Grrr... How quaint, check some log file somewhere on your system, and that will solve all your problems. Having no idea where my "CRS daemon log file" actually is, I use RDA to browse around and finally come up with /u01/app/oracle/product/crs/log/urbdb1/crsd/crsd.log. Unfortunately, the CRS daemon log file is not helping me much. What am I looking for?

Update: 5:19 pm
After a day of reading manuals and discussing options with the fine folks on oracle-l, we still have the same problem, albeit now I have quite a few new tools on my belt. Yes, RAC is not easy, I think I have proved that. To be a little more granular, working with the OCR is a pain in the butt.

So, new tools.
  • strace: a very low-level OS trace utility. I did not benefit from this, but I was able to show the output to others smarter than I. I used it on srvctl and crs_unregister.
  • The "force" flag (-f) of certain commands, like srvctl. I believe it removed something, but I do not know what; I still have my root problem.
  • Appendix A of the Clusterware Deployment and Admin Guide: has a ton of information, most of which would probably be helpful under "normal" circumstances. Did I mention we still have our root problem? However, I have to give credit to the authors, for they did a great job. There is a lot of information about log file locations (wish I knew about that earlier), how to debug various components and resources, and some descriptions of the syntax used for commands. I thought the OCR section was quite thin; perhaps I am biased because I am looking for a specific solution.
  • SRVM_TRACE=TRUE: This is documented in the above Appendix A, but I point it out because it spews out a bit more information. While not immediately helpful, it seemed like something that I should file away.
  • USER_ORA_DEBUG: mentioned one time in the Appendix, I found out that you could crank this all the way to 5. I have no idea what it does or what the appropriate values are - google is not giving much on it, yet.

More to follow. My Support Analyst just requested that I reboot the nodes because he has no idea why the resources exist in the OCR, as ocrdump does not list them.

Update: 11:22 AM, Wednesday
LS Cheng on oracle-l pointed out what ended up being the winning goal.
crs_stop ora.urbdb1.ASM1.asm

I still do not completely understand why this is an issue.

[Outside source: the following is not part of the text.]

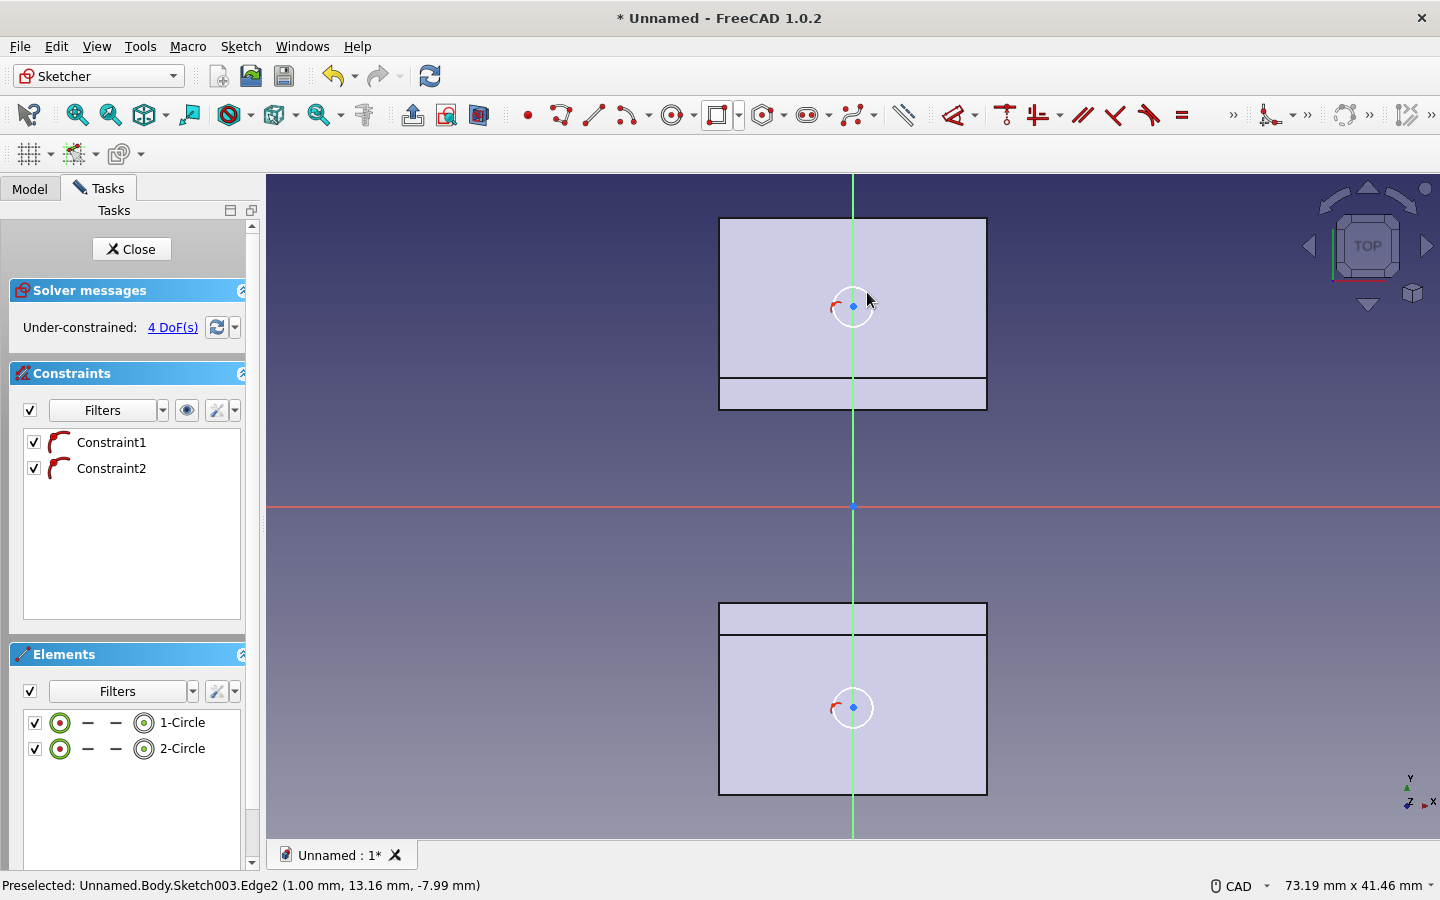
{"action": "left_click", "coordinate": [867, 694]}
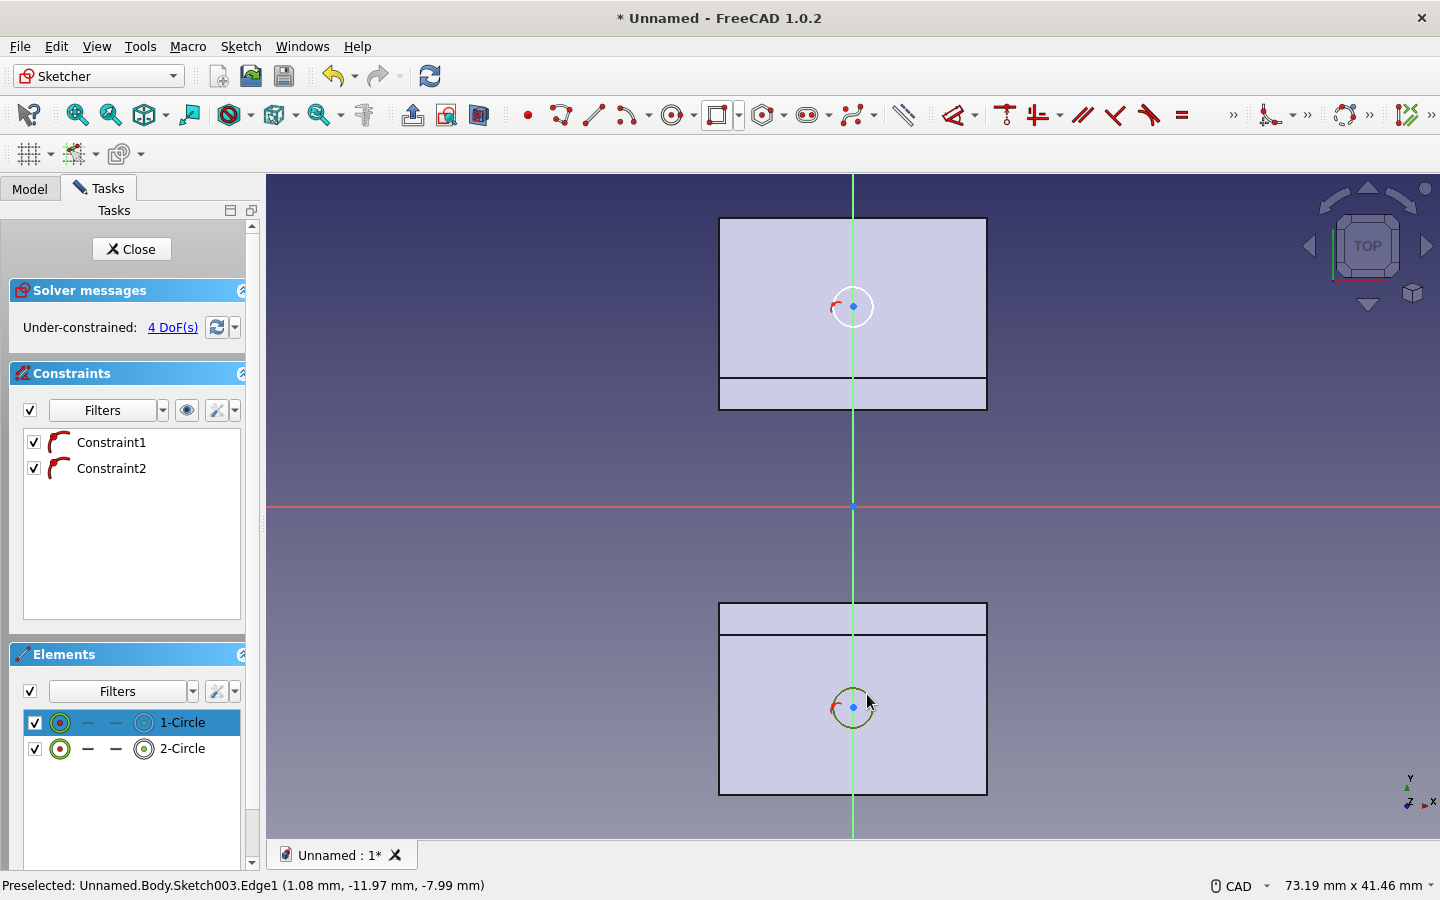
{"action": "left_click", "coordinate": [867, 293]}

Or even how one determines that is the solution. I hope to hear back more from LS Cheng so we can understand how he arrived at that conclusion.

What we ended up doing was restoring ocr to a point before we attempted to follow note 357261.1. Since the services were already down, it was straight-forward to delete the databases, the ASM instance and finally the ASM database. I was actually surprised it worked so well, given all the problems and headaches we had yesterday.

I will add another update when I learn more. Right now we are happy we have a RAC install back in working condition and can move forward with our projects. Oracle Support did not score any points in this round. This is becoming a bad trend.


Anonymous said...

I saw an ad for currency trading that said:

"The Euro is Easy to Trade"

but it did have this nice disclaimer:

Trading involves significant risk of loss and may not be suitable for all investors.

by analogy RAC is easy to install, but may not be suitable for all SA/DBAs/shops.

as one of the perpetuators of the easy tagline, maybe I'll start using a disclaimer as well like "RAC is easy .. with NFS"

Charles Schultz said...

- RAC is easy... if you managed clustered software in a previous life

- RAC is easy... if your environment is exactly like the documentation you are following

- RAC is easy... if someone else is doing it

- RAC is easy... once you get it installed and configured

Anonymous said...

trapped too here :)


Anonymous said...

Genius. Thanks for sharing this.

valiantvimal said...

Hi, I too got trapped here. But happily restored from OCR backup and now I am able to remove unneeded resource. It seems it is the only possible way to do what we desire.